Jawhar Tourism is currently privy to a heterogeneous customer base, which wants to be inked. For Joshi Bedekar (Thane) College BMM student Dhaval Dandekar, 18, it was a "green tourism" event that became a pivot for the tattoo; Yoga trainer Aidan Vorolieff, an American who teaches at the Govardhan School, Galtare village near Wada, was attracted to Warli motifs because it offered a window to art that dates back to 10th century AD.
Adventure tour operator Vikram Budhavalekar, 38, had another reason for getting tattooed - he wanted his customers to identify with the Thane and Palghar district peaks they scale together. The most interesting story emerges from the studio of Mumbai-based celebrity tattoo artist Heerkani Sangram Bhosle, who joined Jawhar Tourism in a recent workshop on Warli themed-body art. She feels it is time that Indians displayed native folk art on their bodies. "Warli tattoos, or any other tribal art representation, speaks of our emotional investment in the places we inhabit or travel through.
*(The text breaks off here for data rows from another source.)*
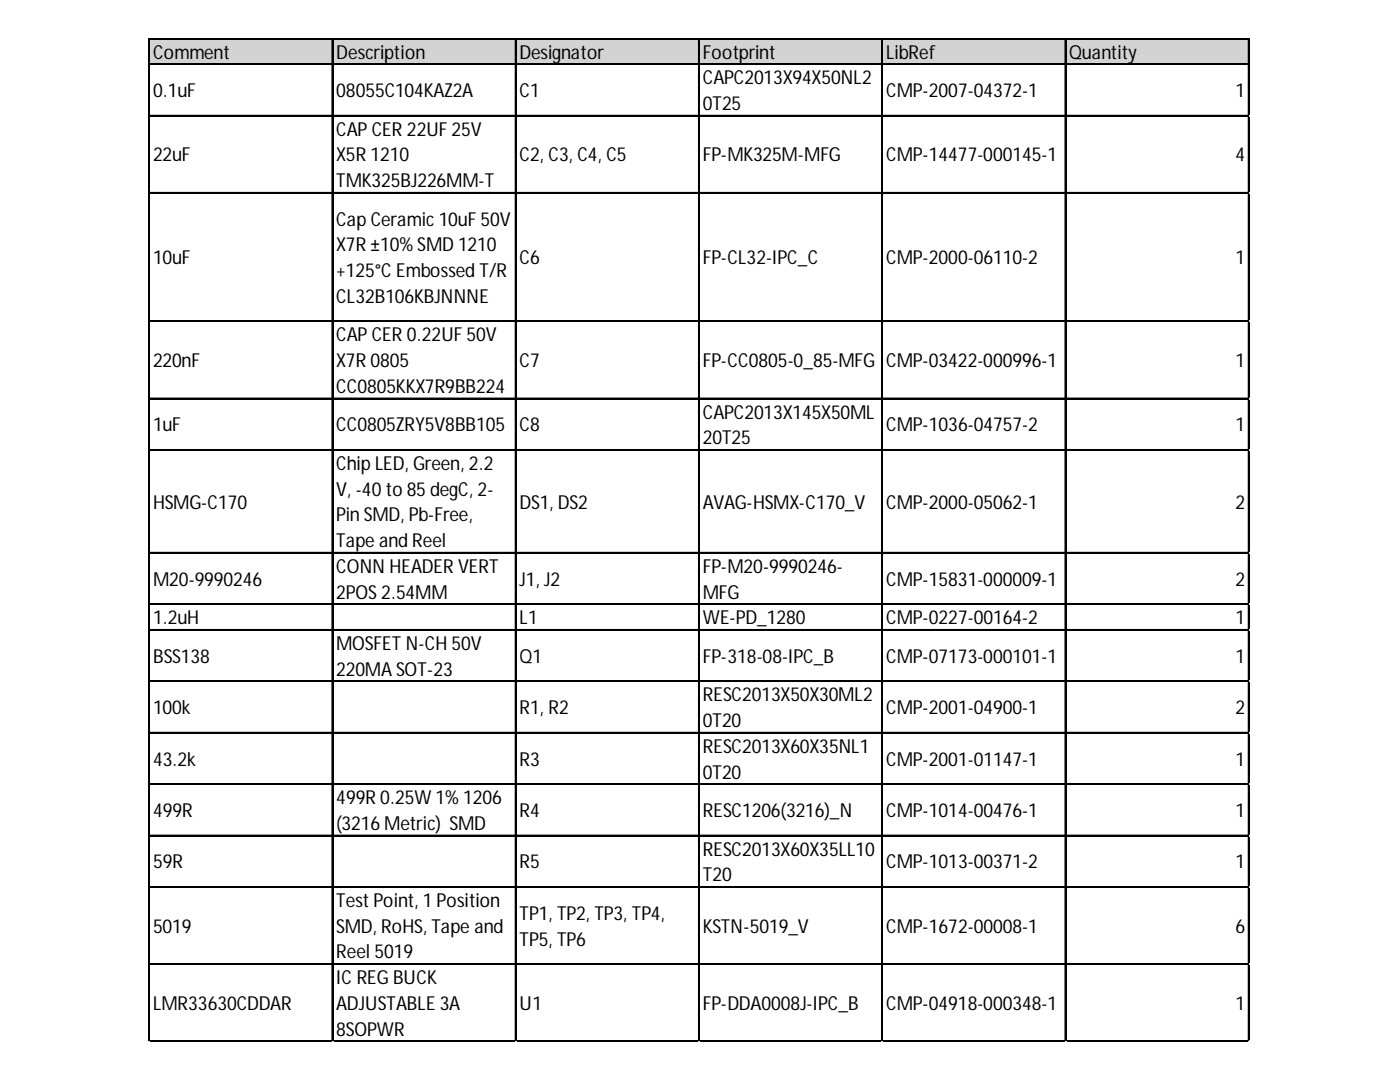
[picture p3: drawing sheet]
<svg xmlns="http://www.w3.org/2000/svg" width="279mm" height="216mm" viewBox="0 0 279 216" stroke-linecap="round" stroke-linejoin="round" font-family="sans-serif">
<defs><g id="words">
<g font-size="3.8">
<text x="30.5" y="11.7">Comment</text>
<text x="67.1" y="11.7">Description</text>
<text x="103.7" y="11.7">Designator</text>
<text x="140.3" y="11.7">Footprint</text>
<text x="176.8" y="11.7">LibRef</text>
<text x="213.4" y="11.7">Quantity</text>
<text x="140.3" y="16.8">CAPC2013X94X50NL2</text>
<text x="30.5" y="19.4">0.1uF</text>
<text x="67.1" y="19.4">08055C104KAZ2A</text>
<text x="103.7" y="19.4">C1</text>
<text x="140.3" y="22">0T25</text>
<text x="176.8" y="19.4">CMP-2007-04372-1</text>
<text x="246.6" y="19.4">1</text>
<text x="67.1" y="27.1">CAPCER 22UF 25V</text>
<text x="30.5" y="32.2">22uF</text>
<text x="67.1" y="32.2">X5R1210</text>
<text x="103.7" y="32.2">C2, C3, C4, C5</text>
<text x="140.3" y="32.2">FP-MK325M-MFG</text>
<text x="176.8" y="32.2">CMP-14477-000145-1</text>
<text x="246.6" y="32.2">4</text>
<text x="67.1" y="37.4">TMK325BJ226MM-T</text>
<text x="67.1" y="45">Cap Ceramic10uF 50V</text>
<text x="30.5" y="52.7">10uF</text>
<text x="67.1" y="50.2">X7R ±10% SMD 1210</text>
<text x="103.7" y="52.7">C6</text>
<text x="140.3" y="52.7">FP-CL32-IPC_C</text>
<text x="176.8" y="52.7">CMP-2000-06110-2</text>
<text x="246.6" y="52.7">1</text>
<text x="67.1" y="55.3">+125°CEmbossed T/R</text>
<text x="67.1" y="60.4">CL32B106KBJNNNE</text>
<text x="67.1" y="68.1">CAPCER 0.22UF 50V</text>
<text x="30.5" y="73.3">220nF</text>
<text x="67.1" y="73.3">X7R0805</text>
<text x="103.7" y="73.3">C7</text>
<text x="140.3" y="73.3">FP-CC0805-0_85-MFG</text>
<text x="176.8" y="73.3">CMP-03422-000996-1</text>
<text x="246.6" y="73.3">1</text>
<text x="67.1" y="78.4">CC0805KKX7R9BB224</text>
<text x="140.3" y="83.5">CAPC2013X145X50ML</text>
<text x="30.5" y="86.1">1uF</text>
<text x="67.1" y="86.1">CC0805ZRY5V8BB105</text>
<text x="103.7" y="86.1">C8</text>
<text x="140.3" y="88.7">20T25</text>
<text x="176.8" y="86.1">CMP-1036-04757-2</text>
<text x="246.6" y="86.1">1</text>
<text x="67.1" y="93.8">Chip LED, Green, 2.2</text>
<text x="30.5" y="101.5">HSMG-C170</text>
<text x="67.1" y="98.9">V, -40 to 85 degC, 2-</text>
<text x="103.7" y="101.5">DS1, DS2</text>
<text x="140.3" y="101.5">AVAG-HSMX-C170_V</text>
<text x="176.8" y="101.5">CMP-2000-05062-1</text>
<text x="246.6" y="101.5">2</text>
<text x="67.1" y="104">Pin SMD, Pb-Free,</text>
<text x="67.1" y="109.2">Tape and Reel</text>
<text x="30.5" y="116.9">M20-9990246</text>
<text x="67.1" y="114.3">CONN HEADER VERT</text>
<text x="67.1" y="119.4">2POS2.54MM</text>
<text x="103.7" y="116.9">J1, J2</text>
<text x="140.3" y="114.3">FP-M20-9990246-</text>
<text x="140.3" y="119.4">MFG</text>
<text x="176.8" y="116.9">CMP-15831-000009-1</text>
<text x="246.6" y="116.9">2</text>
<text x="30.5" y="124.6">1.2uH</text>
<text x="103.7" y="124.6">L1</text>
<text x="140.3" y="124.6">WE-PD_1280</text>
<text x="176.8" y="124.6">CMP-0227-00164-2</text>
<text x="246.6" y="124.6">1</text>
<text x="67.1" y="129.7">MOSFET N-CH 50V</text>
<text x="30.5" y="132.3">BSS138</text>
<text x="67.1" y="134.8">220MA SOT-23</text>
<text x="103.7" y="132.3">Q1</text>
<text x="140.3" y="132.3">FP-318-08-IPC_B</text>
<text x="176.8" y="132.3">CMP-07173-000101-1</text>
<text x="246.6" y="132.3">1</text>
<text x="30.5" y="142.5">100k</text>
<text x="103.7" y="142.5">R1, R2</text>
<text x="140.3" y="140">RESC2013X50X30ML2</text>
<text x="176.8" y="142.5">CMP-2001-04900-1</text>
<text x="246.6" y="142.5">2</text>
<text x="140.3" y="145.1">0T20</text>
<text x="30.5" y="152.8">43.2k</text>
<text x="103.7" y="152.8">R3</text>
<text x="140.3" y="150.2">RESC2013X60X35NL1</text>
<text x="140.3" y="155.3">0T20</text>
<text x="176.8" y="152.8">CMP-2001-01147-1</text>
<text x="246.6" y="152.8">1</text>
<text x="67.1" y="160.5">499R0.25W 1% 1206</text>
<text x="30.5" y="163">499R</text>
<text x="67.1" y="165.6">(3216 Metric) SMD</text>
<text x="103.7" y="163">R4</text>
<text x="140.3" y="163">RESC1206(3216)_N</text>
<text x="176.8" y="163">CMP-1014-00476-1</text>
<text x="246.6" y="163">1</text>
<text x="30.5" y="173.3">59R</text>
<text x="103.7" y="173.3">R5</text>
<text x="140.3" y="170.7">RESC2013X60X35LL10</text>
<text x="176.8" y="173.3">CMP-1013-00371-2</text>
<text x="246.6" y="173.3">1</text>
<text x="140.3" y="175.9">T20</text>
<text x="67.1" y="181">Test Point, 1 Position</text>
<text x="103.7" y="183.6">TP1, TP2, TP3, TP4,</text>
<text x="30.5" y="186.1">5019</text>
<text x="67.1" y="186.1">SMD, RoHS, Tape and</text>
<text x="67.1" y="191.3">Reel 5019</text>
<text x="103.7" y="188.7">TP5, TP6</text>
<text x="140.3" y="186.1">KSTN-5019_V</text>
<text x="176.8" y="186.1">CMP-1672-00008-1</text>
<text x="246.6" y="186.1">6</text>
<text x="67.1" y="196.4">ICREG BUCK</text>
<text x="30.5" y="201.5">LMR33630CDDAR</text>
<text x="67.1" y="201.5">ADJUSTABLE 3A</text>
<text x="103.7" y="201.5">U1</text>
<text x="140.3" y="201.5">FP-DDA0008J-IPC_B</text>
<text x="176.8" y="201.5">CMP-04918-000348-1</text>
<text x="246.6" y="201.5">1</text>
<text x="67.1" y="206.6">8SOPWR</text>
</g>
</g></defs>
<path d="M29.8 7.8h219.6v5.2h-219.6z" fill="#d3d3d3"/>
<g fill="none" stroke="#000" stroke-width=".21">
<path d="M29.7 7.6v200.3M29.8 7.6v200.3M29.9 7.6h219.4M29.9 7.7h219.4M29.9 12.7h219.4M29.9 12.9h219.4M66.3 7.8v200.1M66.4 7.8v200.1M102.8 7.8v200.1M102.9 7.8v200.1M139.4 7.8v200.1M139.5 7.8v200.1"/>
<path d="M176 7.8v200.1M176.1 7.8v200.1M212.5 7.8v200.1M212.7 7.8v200.1M249.1 7.8v200.1M249.2 7.8v200.1M29.9 23h219.4M29.9 23.1h219.4M29.9 38.4h219.4M29.9 38.5h219.4M29.9 64h219.4M29.9 64.2h219.4"/>
<path d="M29.9 79.4h219.4M29.9 79.5h219.4M29.9 89.7h219.4M29.9 89.8h219.4M29.9 110.2h219.4M29.9 110.3h219.4M29.9 120.5h219.4M29.9 120.6h219.4M29.9 125.6h219.4M29.9 125.7h219.4M29.9 135.9h219.4M29.9 136h219.4"/>
<path d="M29.9 146.1h219.4M29.9 146.2h219.4M29.9 156.4h219.4M29.9 156.5h219.4M29.9 166.6h219.4M29.9 166.7h219.4M29.9 176.9h219.4M29.9 177h219.4M29.9 192.3h219.4M29.9 192.4h219.4M29.9 207.7h219.4M29.9 207.8h219.4"/>
</g>
<path d="M29.7 207.9h.1" fill="none" stroke="#e0e0e0" stroke-width=".21"/>
<path d="M29.7 207.9h.2z" fill="#e0e0e0"/>
<path d="M66.3 207.9h.1" fill="none" stroke="#e0e0e0" stroke-width=".21"/>
<path d="M66.3 207.9h.2z" fill="#e0e0e0"/>
<path d="M102.8 207.9h.1" fill="none" stroke="#e0e0e0" stroke-width=".21"/>
<path d="M102.8 207.9h.2z" fill="#e0e0e0"/>
<path d="M139.4 207.9h.1" fill="none" stroke="#e0e0e0" stroke-width=".21"/>
<path d="M139.4 207.9h.2z" fill="#e0e0e0"/>
<path d="M176 207.9h.1" fill="none" stroke="#e0e0e0" stroke-width=".21"/>
<path d="M176 207.9h.2z" fill="#e0e0e0"/>
<path d="M212.5 207.9h.1" fill="none" stroke="#e0e0e0" stroke-width=".21"/>
<path d="M212.5 207.9h.3z" fill="#e0e0e0"/>
<path d="M249.1 207.9h.1" fill="none" stroke="#e0e0e0" stroke-width=".21"/>
<path d="M249.1 207.9h.2z" fill="#e0e0e0"/>
<path d="M249.3 23h.1" fill="none" stroke="#e0e0e0" stroke-width=".21"/>
<path d="M249.3 23l.1 .2z" fill="#e0e0e0"/>
<path d="M249.3 38.4h.1" fill="none" stroke="#e0e0e0" stroke-width=".21"/>
<path d="M249.3 38.4l.1 .2z" fill="#e0e0e0"/>
<path d="M249.3 64h.1" fill="none" stroke="#e0e0e0" stroke-width=".21"/>
<path d="M249.3 64l.1 .3z" fill="#e0e0e0"/>
<path d="M249.3 79.4h.1" fill="none" stroke="#e0e0e0" stroke-width=".21"/>
<path d="M249.3 79.4l.1 .2z" fill="#e0e0e0"/>
<path d="M249.3 89.7h.1" fill="none" stroke="#e0e0e0" stroke-width=".21"/>
<path d="M249.3 89.7l.1 .2z" fill="#e0e0e0"/>
<path d="M249.3 110.2h.1" fill="none" stroke="#e0e0e0" stroke-width=".21"/>
<path d="M249.3 110.2l.1 .2z" fill="#e0e0e0"/>
<path d="M249.3 120.5h.1" fill="none" stroke="#e0e0e0" stroke-width=".21"/>
<path d="M249.3 120.5l.1 .2z" fill="#e0e0e0"/>
<path d="M249.3 125.6h.1" fill="none" stroke="#e0e0e0" stroke-width=".21"/>
<path d="M249.3 125.6l.1 .2z" fill="#e0e0e0"/>
<path d="M249.3 135.9h.1" fill="none" stroke="#e0e0e0" stroke-width=".21"/>
<path d="M249.3 135.9l.1 .2z" fill="#e0e0e0"/>
<path d="M249.3 146.1h.1" fill="none" stroke="#e0e0e0" stroke-width=".21"/>
<path d="M249.3 146.1l.1 .2z" fill="#e0e0e0"/>
<path d="M249.3 156.4h.1" fill="none" stroke="#e0e0e0" stroke-width=".21"/>
<path d="M249.3 156.4l.1 .2z" fill="#e0e0e0"/>
<path d="M249.3 166.6h.1" fill="none" stroke="#e0e0e0" stroke-width=".21"/>
<path d="M249.3 166.6l.1 .3z" fill="#e0e0e0"/>
<path d="M249.3 176.9h.1" fill="none" stroke="#e0e0e0" stroke-width=".21"/>
<path d="M249.3 176.9l.1 .2z" fill="#e0e0e0"/>
<path d="M249.3 192.3h.1" fill="none" stroke="#e0e0e0" stroke-width=".21"/>
<path d="M249.3 192.3l.1 .2z" fill="#e0e0e0"/>
<path d="M249.3 207.7h.1" fill="none" stroke="#e0e0e0" stroke-width=".21"/>
<path d="M249.3 207.7l.1 .2z" fill="#e0e0e0"/>
<use href="#words"/>
</svg>

Also, tattoos are meditative in nature, they heal people by associating a memory with the piece drawn on the body."
Bhosle's Tattoowaali Studio has offered training to Warli artists; the latest workshop is slated on November 23. She feels tattoos do not enjoy the social acceptability they deserve; but the Warli art theme (with proven Indian credentials) makes tattoos more indigenous and "less of a dismissive urban fad".
Jawhar Tourism recently signed a memorandum of understanding with Nashik-based HPT Arts College, whereby tourism industry skills will be imparted to Jawhar youth. The MoU encompasses language skills and online training because Gholap and team need to keep tabs on the online and offline reviews of their tattoo model. They need to monitor their client behaviour, especially in the context of demands for permanent tattoos, which effectively memorialise the Jawhar connect.
Warli tattoos, like Warli art, is formulaic and ceremonial. It depicts themes like geometrically aligned stick figures tilling the land, women carrying the farm produce or the tarpa dance in progress. Artists have used the warli idiom to express loss of livelihood, urban migration and shift in farming. One hopes Jawhar tattoo painters add another dimension to the art in their use of acrylic skin-friendly colours. Gholap likes to calls it "make-in-India" body art.